Department of Hematology, School of Medicine, The First Affiliated Hospital of Xiamen University and Institute of Hematology, Xiamen University, Xiamen, 361102, People's Republic of China.
Key Laboratory of Xiamen for Diagnosis and Treatment of Hematological Malignancy, Xiamen, 361102, People's Republic of China.
Ann Hematol. 2024 Oct;103(10):3839-3853. doi: 10.1007/s00277-024-05683-2. Epub 2024 Mar 6.
The roles of Lenalidomide (Len) and Daratumumab (Dara) in multiple myeloma treatment are well-established, yet their influences on hematopoietic stem cell harvesting and reconstitution remain disputed.
We conducted a systematic database review to identify cohort studies or RCTs evaluating the effect of the use of Len or Dara on hematopoietic stem cell collection and peripheral blood count recovery in multiple myeloma patients. Effects on hematopoietic collection or reconstitution were estimated by comparing standardized mean differences (SMD) and mean differences (MD), or median differences.
Eighteen relevant studies were identified, summarizing mobilization results. For Len, data from 13 studies were summarized, including total CD34+ cell yield, collection failure rate, and time to neutrophil and platelet engraftment. Results indicated that Len exposure led to decreased stem cell collection [SMD=-0.23, 95% CI (-0.34, -0.12)]. However, collection failure (<2×106) could be mitigated by plerixafor [OR=2.14, 95% CI (0.96, 4.77)]. For Dara, two RCTs and three cohort studies were included, showing that Dara exposure resulted in a reduction in total stem cells even with optimized plerixafor mobilization [SMD=-0.75, 95% CI (-1.26, -0.23)], and delayed platelet engraftment recovery [MD=1.20, 95% CI (0.73, 1.66)].

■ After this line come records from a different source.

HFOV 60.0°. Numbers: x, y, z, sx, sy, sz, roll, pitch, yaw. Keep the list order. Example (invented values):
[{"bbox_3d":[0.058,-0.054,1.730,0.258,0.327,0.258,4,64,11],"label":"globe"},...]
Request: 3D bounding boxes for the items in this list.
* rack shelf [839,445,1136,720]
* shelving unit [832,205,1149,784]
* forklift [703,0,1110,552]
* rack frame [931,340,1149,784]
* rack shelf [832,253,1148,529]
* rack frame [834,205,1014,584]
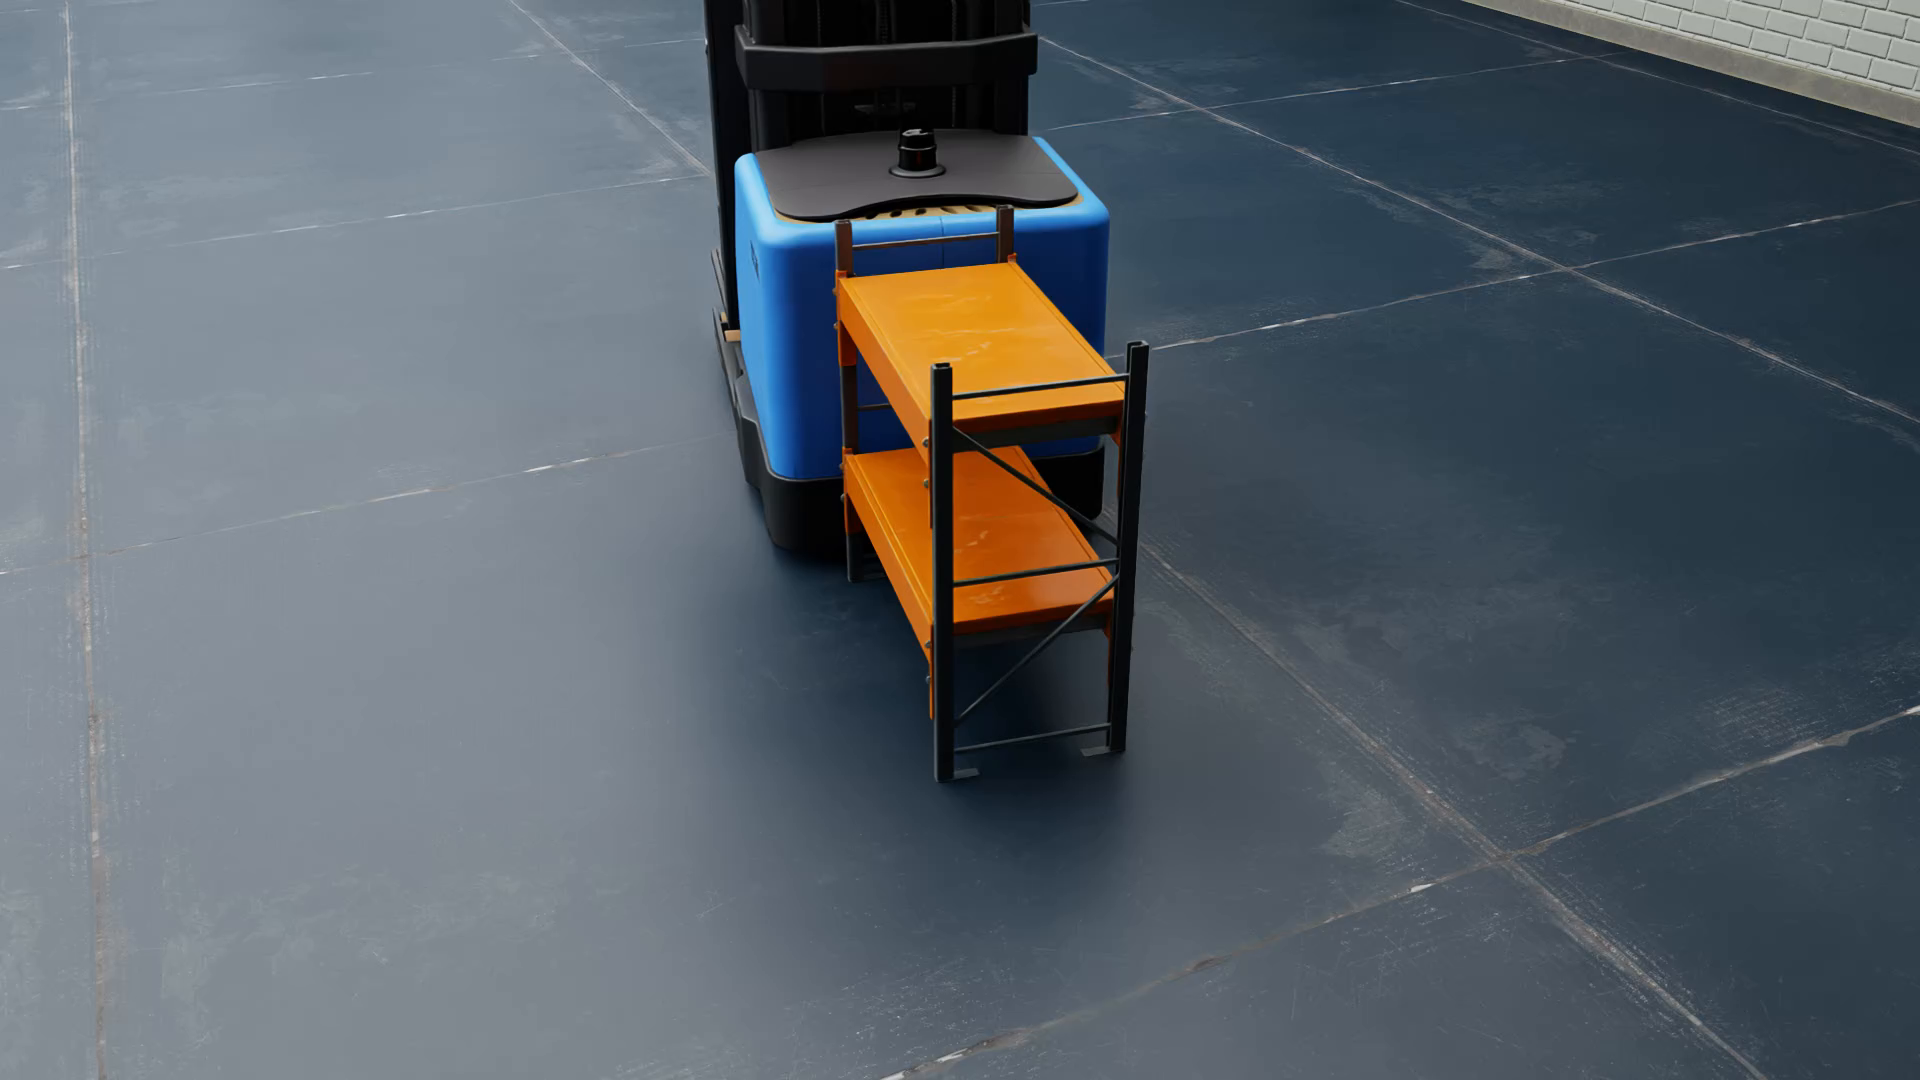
[{"bbox_3d":[0.042,0.054,4.504,0.538,0.278,1.000,-8,30,-14],"label":"rack shelf"},{"bbox_3d":[0.042,-0.160,4.385,0.538,1.125,1.048,-8,30,-14],"label":"shelving unit"},{"bbox_3d":[-0.357,-1.948,5.727,1.130,2.935,3.031,-6,30,-10],"label":"forklift"},{"bbox_3d":[0.180,0.080,3.958,0.500,1.125,0.032,-8,30,-14],"label":"rack frame"},{"bbox_3d":[0.042,-0.415,4.242,0.538,0.278,1.000,-8,30,-14],"label":"rack shelf"},{"bbox_3d":[-0.095,-0.399,4.812,0.500,1.125,0.032,-8,30,-14],"label":"rack frame"}]

Our meta-analysis offers a comprehensive view of Len and Dara's impacts on hematopoietic stem cell collection and reconstitution in multiple myeloma. Len usage could lead to reduced stem cell collection, counteracted by plerixafor mobilization. Dara usage could result in diminished stem cell collection and delayed platelet engraftment.
来那度胺(Len)和达雷妥尤单抗(Dara)在多发性骨髓瘤治疗中的作用已得到充分证实,但它们对造血干细胞采集和重建的影响仍存在争议。
我们进行了系统的数据库综述,以确定评估 Len 或 Dara 使用对多发性骨髓瘤患者造血干细胞采集和外周血计数恢复影响的队列研究或 RCT。通过比较标准化均数差(SMD)和均数差(MD)或中位数差来评估对造血采集或重建的影响。
确定了 18 项相关研究,总结了动员结果。对于 Len,总结了 13 项研究的数据,包括总 CD34+细胞产量、采集失败率以及中性粒细胞和血小板植入的时间。结果表明,Len 暴露导致干细胞采集减少[SMD=-0.23,95%CI(-0.34,-0.12)]。然而,用普乐沙福可以减轻采集失败(<2×106)[OR=2.14,95%CI(0.96,4.77)]。对于 Dara,纳入了两项 RCT 和三项队列研究,表明即使优化了普乐沙福动员,Dara 暴露也会导致总干细胞减少[SMD=-0.75,95%CI(-1.26,-0.23)],并且血小板植入恢复延迟[MD=1.20,95%CI(0.73,1.66)]。
我们的荟萃分析全面评估了 Len 和 Dara 对多发性骨髓瘤患者造血干细胞采集和重建的影响。Len 的使用可能导致干细胞采集减少,通过普乐沙福动员来抵消。Dara 的使用可能导致干细胞采集减少和血小板植入延迟。